There is an unseen bond that links them.
By sharing resources, as a group, they are made stronger.
Yesterday, to prepare for our volunteer work
at Criança Esperança, the whole group sat down for some serious reflection. One question that we each had to answer in
our own words was this: “What is a ‘community’?” While we had learned that a growing and less
stigmatized name for the favelas was
that of “comunidades” (which
translates to “communities” in Portuguese), at the time, I still didn’t realize
just how relevant the name was.
Before coming to Rio ,
I had some mistaken notions of what the favelas
(or “shantytowns”) would be like, based on my own, limited exposure to poverty. The prediction was a rough combination of a
Native American reservation I’d visited, pictures of starving children in
India, and the old “Hoovervilles” that I had read about in history class. While the previous favela tours corrected my misperceptions in terms of physical
differences, I still did not see them as comunidades. I still thought of them as poor
“neighborhoods”…and of places devoid of hope or happiness. Today, however, all of that changed.
After a day of volunteering with the
children at the Criança Esperança building, we had the opportunity to take a
more “in-depth” tour of the surrounding, pacified favela. After being given
the option of walking up the twenty or thirty flights of stairs or taking a
cable car up the steep hillside (I chose the cable car), for the first time,
our group escaped the perimeter and tread through the heart of the favela.
The community was quite the opposite of the desolate “shantytown” I’d
assumed it to be. I have never seen a
place so alive. To even begin to
understand what it felt like to walk through the favela, one must remember this:
In a world in which the air is as precious
as the ground, one does not “enter”…rather, one is engulfed.
In this favela,
the residents live in a vibrant, three-dimensional world, utilizing the space
around and even above them in a way that would put our most “space-efficient”

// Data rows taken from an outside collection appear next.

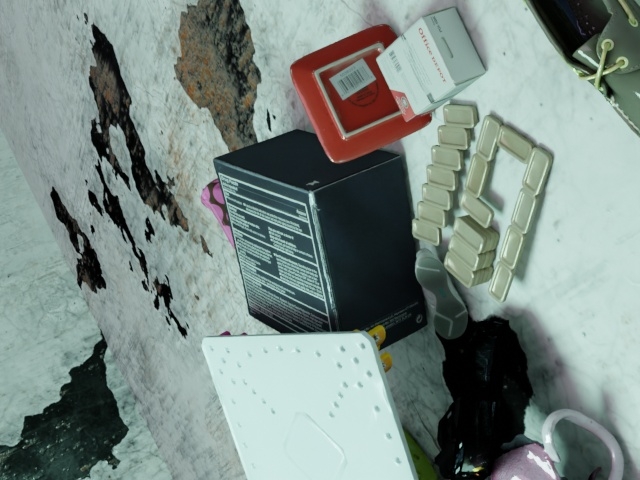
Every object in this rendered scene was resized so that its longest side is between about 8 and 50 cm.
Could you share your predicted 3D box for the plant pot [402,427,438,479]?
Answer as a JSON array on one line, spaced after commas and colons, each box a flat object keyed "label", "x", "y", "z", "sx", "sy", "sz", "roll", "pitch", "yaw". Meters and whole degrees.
[{"label": "plant pot", "x": 0.113, "y": 0.496, "z": 1.723, "sx": 0.207, "sy": 0.228, "sz": 0.227, "roll": 37, "pitch": 140, "yaw": 34}]

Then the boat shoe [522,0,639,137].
[{"label": "boat shoe", "x": 0.286, "y": -0.204, "z": 0.996, "sx": 0.305, "sy": 0.091, "sz": 0.109, "roll": 61, "pitch": 153, "yaw": 11}]

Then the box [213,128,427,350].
[{"label": "box", "x": 0.000, "y": 0.000, "z": 1.578, "sx": 0.296, "sy": 0.182, "sz": 0.294, "roll": 22, "pitch": 131, "yaw": 52}]

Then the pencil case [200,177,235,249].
[{"label": "pencil case", "x": -0.160, "y": -0.029, "z": 1.945, "sx": 0.209, "sy": 0.098, "sz": 0.095, "roll": 56, "pitch": 152, "yaw": 22}]

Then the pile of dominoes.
[{"label": "pile of dominoes", "x": 0.217, "y": -0.057, "z": 1.325, "sx": 0.196, "sy": 0.040, "sz": 0.251, "roll": 45, "pitch": 138, "yaw": 38}]

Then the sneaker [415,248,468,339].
[{"label": "sneaker", "x": 0.179, "y": 0.077, "z": 1.466, "sx": 0.061, "sy": 0.053, "sz": 0.152, "roll": -94, "pitch": -16, "yaw": -65}]

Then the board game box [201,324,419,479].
[{"label": "board game box", "x": 0.006, "y": 0.318, "z": 1.529, "sx": 0.390, "sy": 0.050, "sz": 0.390, "roll": -7, "pitch": 105, "yaw": 47}]

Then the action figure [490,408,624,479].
[{"label": "action figure", "x": 0.303, "y": 0.447, "z": 1.242, "sx": 0.248, "sy": 0.370, "sz": 0.276, "roll": 26, "pitch": 134, "yaw": -12}]

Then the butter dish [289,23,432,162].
[{"label": "butter dish", "x": 0.054, "y": -0.199, "z": 1.398, "sx": 0.118, "sy": 0.160, "sz": 0.160, "roll": 116, "pitch": 129, "yaw": -86}]

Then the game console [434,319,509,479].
[{"label": "game console", "x": 0.214, "y": 0.259, "z": 1.449, "sx": 0.361, "sy": 0.043, "sz": 0.213, "roll": 97, "pitch": -176, "yaw": -68}]

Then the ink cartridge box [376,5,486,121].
[{"label": "ink cartridge box", "x": 0.141, "y": -0.226, "z": 1.282, "sx": 0.099, "sy": 0.056, "sz": 0.135, "roll": 65, "pitch": 154, "yaw": 3}]

cities to shame. Houses tower overhead
like pieces of a patchwork quilt, while a labyrinth of brightly grafittied
corridors winds through, often barely wide enough for two people to pass each
other. Out and about, people are walking
their children to and from Criança Esperança, pushing through on their
motorcycles, stepping into the little “mom-and-pop” stores, or just socializing
with neighbors and friends. It is true,
of course, that there are the mounds of garbage whose smell makes you gag, and
that the sewage passes beside you in open grates. But it is also true that young couples walk
down the street hand-in-hand and that strains of music like Bruno Mars’ “It
Will Rain” can be heard from nearby radios.
Also, and perhaps the most striking, is the number of brightly colored
kites that flick at the sky, guided by children perched on the rooftops and
balconies.
The sense of comunidade that I felt from that single trek through the heart of
the favela was overwhelming. Not only is it a little town, but it is its
own, little world…an ecosystem in
which everything has a part and everything is interdependent. It could easily subsist without the world
around it. There is an invisible bond
that connects all the members, as I had predicted in my definition, but it is
not a bond of poverty. It is a bond of
living and enduring in spite of poverty.
Where I come from, we have access to almost
everything we could ever need or want; yet, we do not laugh as easily or
heartily, we do not take the time to fly kites on a Tuesday afternoon, sometimes
we do not even know the names of our neighbors.
In my own neighborhood in suburban Omaha ,
I almost never see people simply enjoying life like I saw here. But here, in this little, pacified comunidade—a place that is so often seen
as something to be “pitied” as opposed to something of wonder—they have
something much richer than I have seen in my time in suburban Omaha. A true comunidade.
Danielle, your interpretation of a favela is something that I completely relate to. I recently wrote my last blog entry along a similar tone reflecting on our experiences as a whole. You eloquently described what many of us have witnessed here during our experiences working with different NGO's. The description that you provided reveals a side of favela life that many may not completely understand without going and witnessing it first hand.